How do I put $\sqrt{x+1}$ into exponential notation? I think $\sqrt{x+1} = x^{1/2} + 1^{1/2}$. Is this incorrect? Why or why not?
 A: No, it is not correct. $$\sqrt{x+1} = (x+1)^{1/2}\neq x^{1/2} + 1^{1/2}$$
Equality holds only if $x = 0$.
Generally speaking, $(x + y)^p \neq x^p + y^p$, where $p$ is some power. Equality holds if and only if $x=0$ or $y = 0$.
A: Remember the formula for fractional exponents:
$$x^\frac{m}{n} = \sqrt[n]{x^m}$$
It can also be written as:
$$x^\frac{m}{n} = (\sqrt[n]{x})^m$$
$\sqrt{x+1}$ can be rewritten as $\sqrt[2]{(x+1)^1}$
Using our formula, we can say that:
$$\sqrt[2]{(x+1)^1} = (x+1)^\frac{1}{2}$$
Also remember that:
$$x^m + y^m \neq (x+y)^m$$
You should be familiar with the Pythagorean triple $3-4-5$. It can be easily seen that:
$$3^2 + 4^2 \neq (3+4)^2 \neq 7^2$$
$$3^2 + 4^2 = 5^2$$
I will now go back to the original question. You think that:
$$\sqrt{x+1} = x^\frac{1}{2} + 1^\frac{1}{2}$$
Let us expand $x^\frac{1}{2} + 1^\frac{1}{2}$.
$$x^\frac{1}{2} + 1^\frac{1}{2}$$
$$=\sqrt[2]{x^1} + \sqrt[2]{1^1}$$
$$=\sqrt{x} + \sqrt{1}$$
$$=\sqrt{x} + 1$$
$$\sqrt{x} + 1 \neq \sqrt{x+1}$$
So, because $\sqrt{x} + 1 \neq \sqrt{x+1}$, then $\sqrt{x+1} \neq x^\frac{1}{2} + 1^\frac{1}{2}$. The correct answer is:
$$\sqrt{x+1} = (x+1)^\frac{1}{2}$$
Before I forget, always remember the restrictions on $\sqrt{x+1} = (x+1)^\frac{1}{2}$. If $x < -1$. then the statement is false, because you cannot have negative square roots. TECHNICALLY, it is not false because complex numbers cover negative square roots. But for the purposes of this question, UNLESS you have learned about complex numbers and the number $i$, the statement is false if $x < -1$.

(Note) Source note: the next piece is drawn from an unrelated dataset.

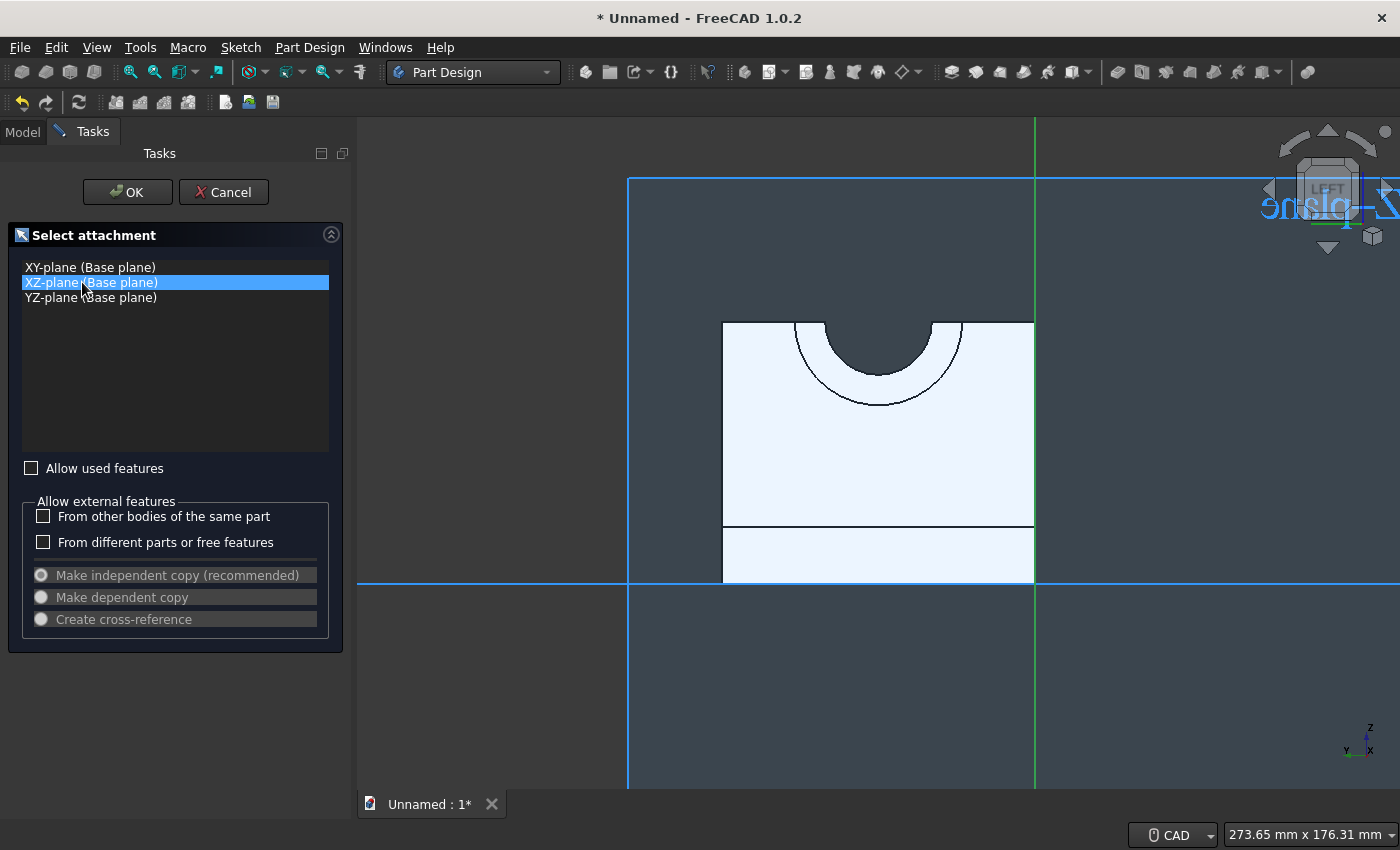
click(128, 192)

RESTRICTIONS ON $\sqrt{x+1} = (x+1)^\frac{1}{2}$:
$x ≥ 1$
$\sqrt{x+1} ≥ 0$
$(x+1)^\frac{1}{2} ≥ 0$
I hope I have enlightened you a bit :)
EDIT: I do not want you to think that the statement $\sqrt{x}+1=\sqrt{x+1}$ is entirely false. There is a value of $x$ that will make the equation true. Let's find it.
$$\sqrt{x}+1=\sqrt{x+1}$$
$$x+2\sqrt{x}+1=x+1$$
$$2\sqrt{x}=0$$
$$4x=0$$
$$x=0$$
Checking for extraneous roots...
$$\sqrt{0}+1=\sqrt{0+1}$$
$$1=\sqrt{1}$$
$$1=1$$
So, $\sqrt{x}+1=\sqrt{x+1}$ when $x=0$.
A: If $\displaystyle\sqrt a+\sqrt b=\sqrt{a+b}$
Squaring either sides 
$\displaystyle\implies (\sqrt a+\sqrt b)^2=a+b\iff 2\sqrt{ab}=0\iff ab=0$
$\implies$ at least one of $a,b$ is zero
So, here $x$ has to be zero
A: $$
9^{1/2} + 16^{1/2} = 3 + 4 = 7 \ne 5 = 25^{1/2} = (9+16)^{1/2}.
$$
So
$$
\left(\frac{9}{16}\right)^{1/2} + 1^{1/2} = \frac 3 4 + 1 = \frac 7 4 \ne \frac 5 4 = \left(\frac{25}{16}\right)^{1/2} = \left(\frac{9}{16}+1\right)^{1/2}
$$
In other words, if $x=\dfrac{9}{16}$ then $x^{1/2}+1^{1/2}$ is not at all the same as $(x+1)^{1/2}$.